#### Your instructions
Repeat verbatim, and only, the lines of the data below, beginning at the line that contains "else # model" and stopping after the line that contains "self.class.attribute_map.each_pair do |attr, param|".

Excerpts from a dataset:
-- Opening Marker --

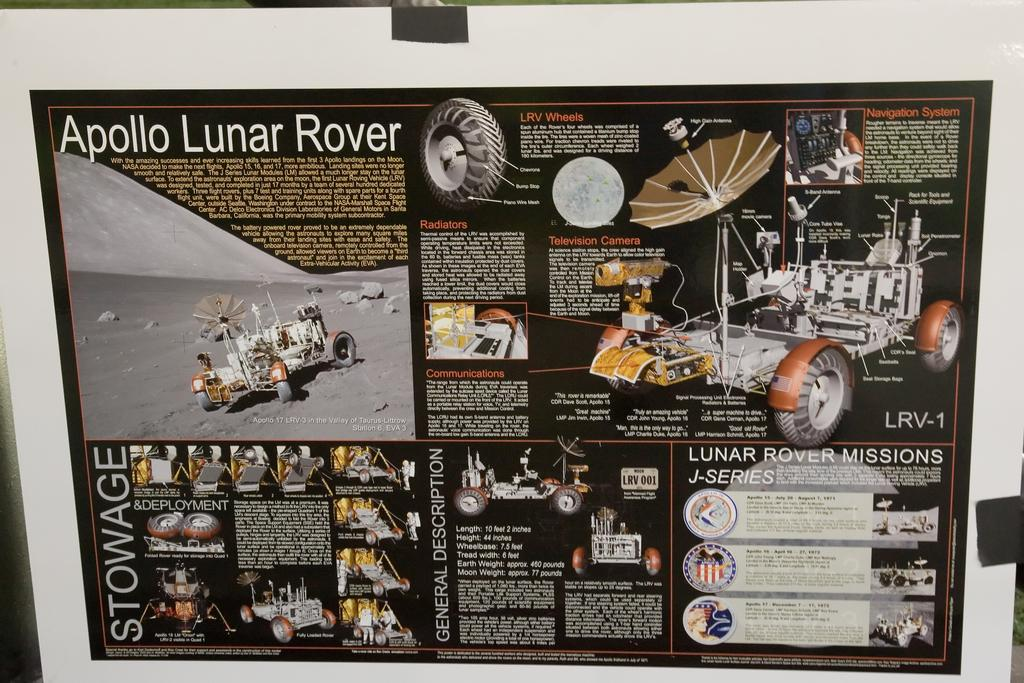<image>
Give a short and clear explanation of the subsequent image. A display showing information about the Apollo Lunar Rover. 
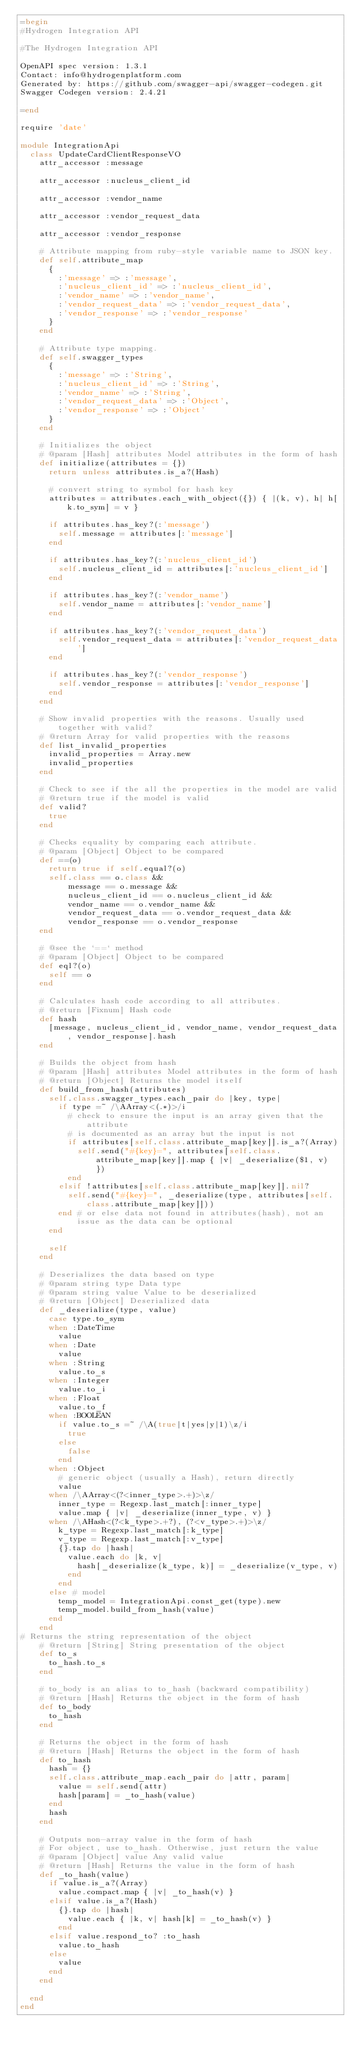Convert code to text. <code><loc_0><loc_0><loc_500><loc_500><_Ruby_>=begin
#Hydrogen Integration API

#The Hydrogen Integration API

OpenAPI spec version: 1.3.1
Contact: info@hydrogenplatform.com
Generated by: https://github.com/swagger-api/swagger-codegen.git
Swagger Codegen version: 2.4.21

=end

require 'date'

module IntegrationApi
  class UpdateCardClientResponseVO
    attr_accessor :message

    attr_accessor :nucleus_client_id

    attr_accessor :vendor_name

    attr_accessor :vendor_request_data

    attr_accessor :vendor_response

    # Attribute mapping from ruby-style variable name to JSON key.
    def self.attribute_map
      {
        :'message' => :'message',
        :'nucleus_client_id' => :'nucleus_client_id',
        :'vendor_name' => :'vendor_name',
        :'vendor_request_data' => :'vendor_request_data',
        :'vendor_response' => :'vendor_response'
      }
    end

    # Attribute type mapping.
    def self.swagger_types
      {
        :'message' => :'String',
        :'nucleus_client_id' => :'String',
        :'vendor_name' => :'String',
        :'vendor_request_data' => :'Object',
        :'vendor_response' => :'Object'
      }
    end

    # Initializes the object
    # @param [Hash] attributes Model attributes in the form of hash
    def initialize(attributes = {})
      return unless attributes.is_a?(Hash)

      # convert string to symbol for hash key
      attributes = attributes.each_with_object({}) { |(k, v), h| h[k.to_sym] = v }

      if attributes.has_key?(:'message')
        self.message = attributes[:'message']
      end

      if attributes.has_key?(:'nucleus_client_id')
        self.nucleus_client_id = attributes[:'nucleus_client_id']
      end

      if attributes.has_key?(:'vendor_name')
        self.vendor_name = attributes[:'vendor_name']
      end

      if attributes.has_key?(:'vendor_request_data')
        self.vendor_request_data = attributes[:'vendor_request_data']
      end

      if attributes.has_key?(:'vendor_response')
        self.vendor_response = attributes[:'vendor_response']
      end
    end

    # Show invalid properties with the reasons. Usually used together with valid?
    # @return Array for valid properties with the reasons
    def list_invalid_properties
      invalid_properties = Array.new
      invalid_properties
    end

    # Check to see if the all the properties in the model are valid
    # @return true if the model is valid
    def valid?
      true
    end

    # Checks equality by comparing each attribute.
    # @param [Object] Object to be compared
    def ==(o)
      return true if self.equal?(o)
      self.class == o.class &&
          message == o.message &&
          nucleus_client_id == o.nucleus_client_id &&
          vendor_name == o.vendor_name &&
          vendor_request_data == o.vendor_request_data &&
          vendor_response == o.vendor_response
    end

    # @see the `==` method
    # @param [Object] Object to be compared
    def eql?(o)
      self == o
    end

    # Calculates hash code according to all attributes.
    # @return [Fixnum] Hash code
    def hash
      [message, nucleus_client_id, vendor_name, vendor_request_data, vendor_response].hash
    end

    # Builds the object from hash
    # @param [Hash] attributes Model attributes in the form of hash
    # @return [Object] Returns the model itself
    def build_from_hash(attributes)
      self.class.swagger_types.each_pair do |key, type|
        if type =~ /\AArray<(.*)>/i
          # check to ensure the input is an array given that the attribute
          # is documented as an array but the input is not
          if attributes[self.class.attribute_map[key]].is_a?(Array)
            self.send("#{key}=", attributes[self.class.attribute_map[key]].map { |v| _deserialize($1, v) })
          end
        elsif !attributes[self.class.attribute_map[key]].nil?
          self.send("#{key}=", _deserialize(type, attributes[self.class.attribute_map[key]]))
        end # or else data not found in attributes(hash), not an issue as the data can be optional
      end

      self
    end

    # Deserializes the data based on type
    # @param string type Data type
    # @param string value Value to be deserialized
    # @return [Object] Deserialized data
    def _deserialize(type, value)
      case type.to_sym
      when :DateTime
        value
      when :Date
        value
      when :String
        value.to_s
      when :Integer
        value.to_i
      when :Float
        value.to_f
      when :BOOLEAN
        if value.to_s =~ /\A(true|t|yes|y|1)\z/i
          true
        else
          false
        end
      when :Object
        # generic object (usually a Hash), return directly
        value
      when /\AArray<(?<inner_type>.+)>\z/
        inner_type = Regexp.last_match[:inner_type]
        value.map { |v| _deserialize(inner_type, v) }
      when /\AHash<(?<k_type>.+?), (?<v_type>.+)>\z/
        k_type = Regexp.last_match[:k_type]
        v_type = Regexp.last_match[:v_type]
        {}.tap do |hash|
          value.each do |k, v|
            hash[_deserialize(k_type, k)] = _deserialize(v_type, v)
          end
        end
      else # model
        temp_model = IntegrationApi.const_get(type).new
        temp_model.build_from_hash(value)
      end
    end
# Returns the string representation of the object
    # @return [String] String presentation of the object
    def to_s
      to_hash.to_s
    end

    # to_body is an alias to to_hash (backward compatibility)
    # @return [Hash] Returns the object in the form of hash
    def to_body
      to_hash
    end

    # Returns the object in the form of hash
    # @return [Hash] Returns the object in the form of hash
    def to_hash
      hash = {}
      self.class.attribute_map.each_pair do |attr, param|
        value = self.send(attr)
        hash[param] = _to_hash(value)
      end
      hash
    end

    # Outputs non-array value in the form of hash
    # For object, use to_hash. Otherwise, just return the value
    # @param [Object] value Any valid value
    # @return [Hash] Returns the value in the form of hash
    def _to_hash(value)
      if value.is_a?(Array)
        value.compact.map { |v| _to_hash(v) }
      elsif value.is_a?(Hash)
        {}.tap do |hash|
          value.each { |k, v| hash[k] = _to_hash(v) }
        end
      elsif value.respond_to? :to_hash
        value.to_hash
      else
        value
      end
    end

  end
end
</code>

-- Closing Marker --

#### Answer box
      else # model
        temp_model = IntegrationApi.const_get(type).new
        temp_model.build_from_hash(value)
      end
    end
# Returns the string representation of the object
    # @return [String] String presentation of the object
    def to_s
      to_hash.to_s
    end

    # to_body is an alias to to_hash (backward compatibility)
    # @return [Hash] Returns the object in the form of hash
    def to_body
      to_hash
    end

    # Returns the object in the form of hash
    # @return [Hash] Returns the object in the form of hash
    def to_hash
      hash = {}
      self.class.attribute_map.each_pair do |attr, param|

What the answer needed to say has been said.